Syndecans are expressed on the cell surface in a cell-specific manner. For example, in mouse cells and tissues, syndecan 1 is highly expressed in fibroblastic and epithelial cells. It is especially high in keratinocytes whereas low in endothelial and neural cells. These tissues include skin, liver, kidney and lungs. Syndecan 2 is highly expressed in endothelial, neural, and fibroblastic cells, whereas it has low expression levels in epithelial cells. It is specific to tissues such as the liver, endothelia and fibroblasts. Syndecan 3 is highly expressed in neural cells, but has low or undetectable amount in epithelial cells. In tissues, it is specific to the brain and expressed at low levels in liver, kidney, lung and small intestine. Syndecan 4 is highly expressed by epithelial and fibroblastic cells, but has low expression levels in neural and endothelial cells. In tissues, it is preferentially expressed in the liver and lungs [11].

Functionality of syndecan is contributed by glycosaminoglycans which help in the interaction with different extracellular ligands. Depending upon the cellular localization of syndecan, glycosaminoglycans have different structures to accommodate the functional needs of the region. The syndecans are known to form homologous oligomers that may be important for their functions.

Functions of syndecan can be categorized in four ways. First is growth-factor-receptor activation. Glycosaminoglycans attached to the syndecan help binding of the various growth factors for activation of important cellular signaling mechanisms. Growth factors such as FGF2, HGF, EGF, VEGF, neuregulins and others interact with syndecans [1, 2, 8]. For example, at the site of tissue injury, the soluble syndecan-1 ectodomains are cleaved by heparanases, producing heparin-like fragments that activate bFGF [13]. Whereas most growth factors interact with syndecans via heparan sulfate chains, the prosecretory mitogen lacritin requires heparanase to both expose and create a binding site in the N-terminus of syndecan 1.

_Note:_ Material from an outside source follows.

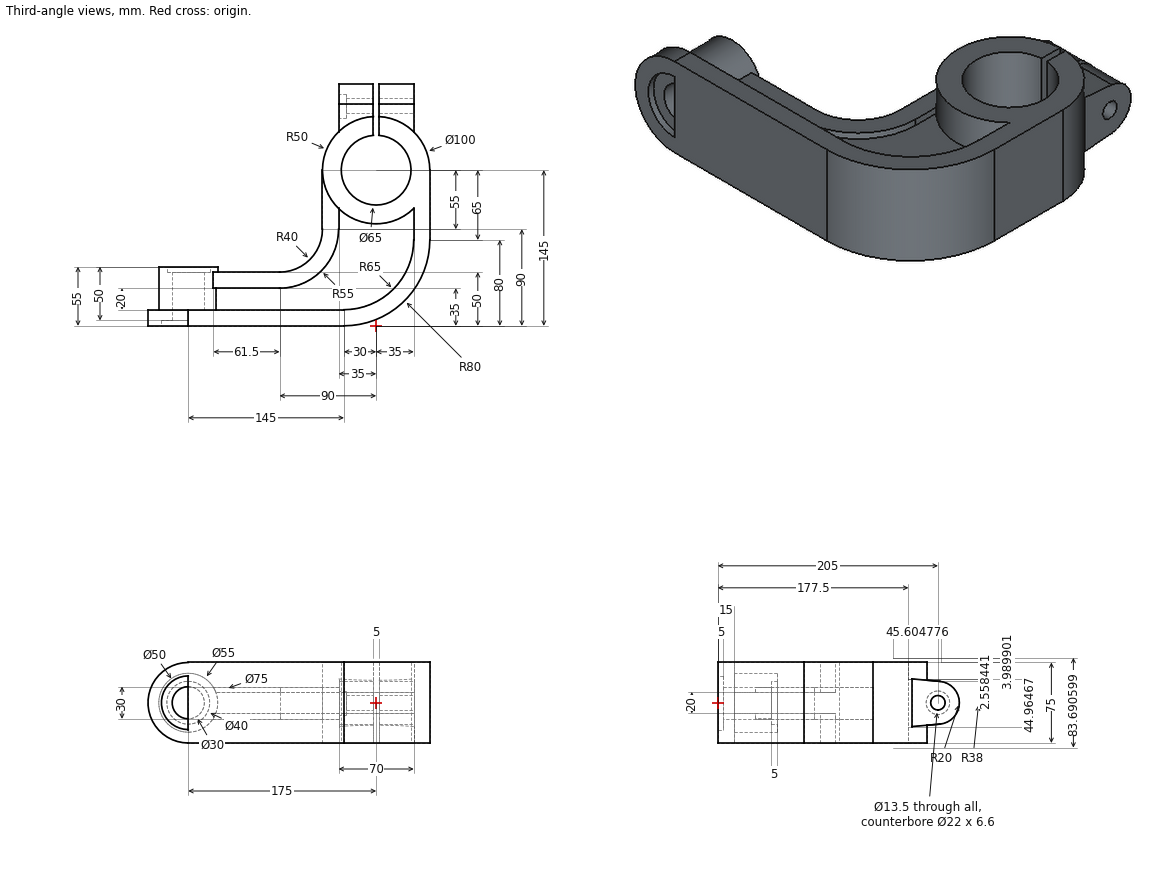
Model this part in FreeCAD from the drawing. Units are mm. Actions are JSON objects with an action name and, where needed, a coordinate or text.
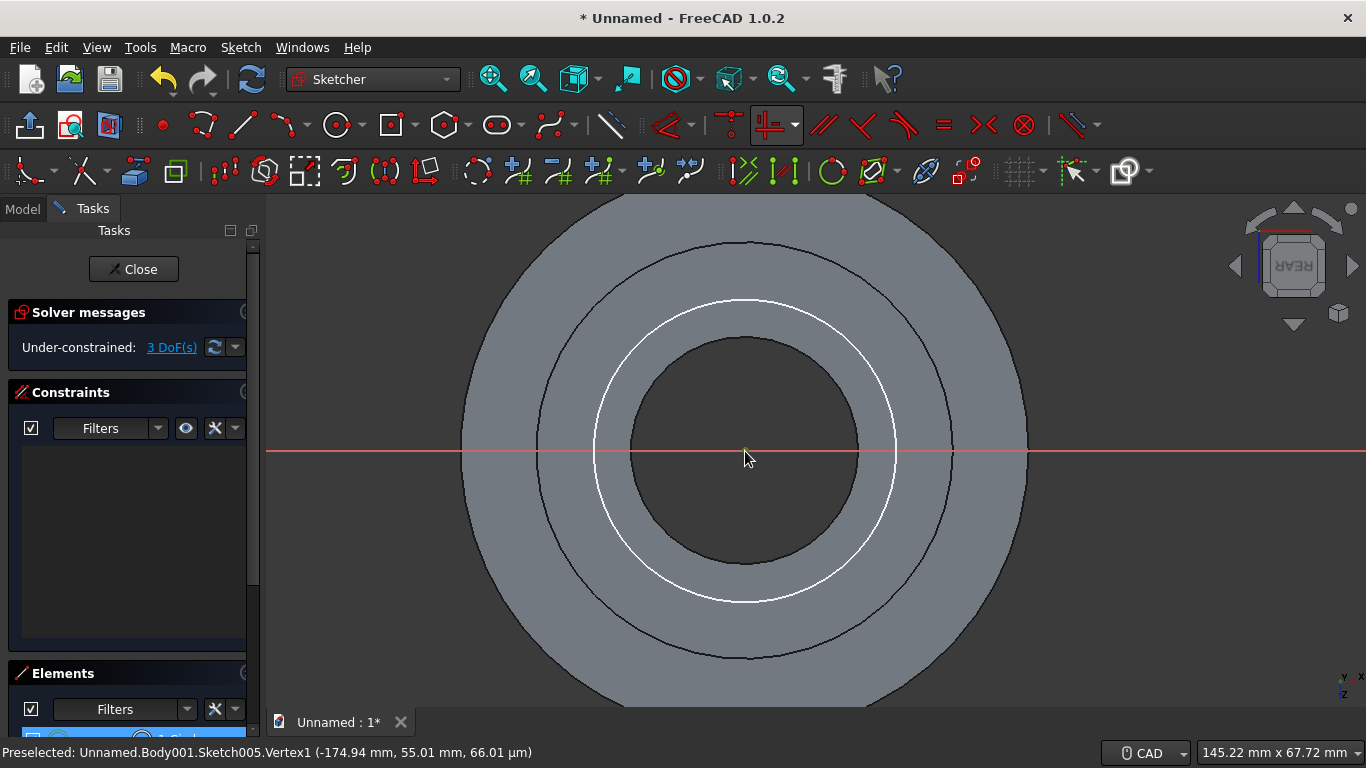
{"action": "left_click", "coordinate": [359, 450]}

Second is matrix adhesion. Syndecans bind to structural extracellular matrix molecules such as collagens I, III, V, fibronectin, thrombospondin, and tenascin to provide structural support for the adhesion [1, 2].

A third function is cell–cell adhesion. Evidence for syndecan's role in cell–cell adhesion comes from the human myeloma cell line. These myeloma cells had a deficiency in the ability to adhere to one another in a rotation-mediated aggregation matrix. This deficiency is attributed to the lack of syndecan 1 expression. Syndecan 4 also interacts with integrin proteins for cell–cell adhesion [1, 2, 12].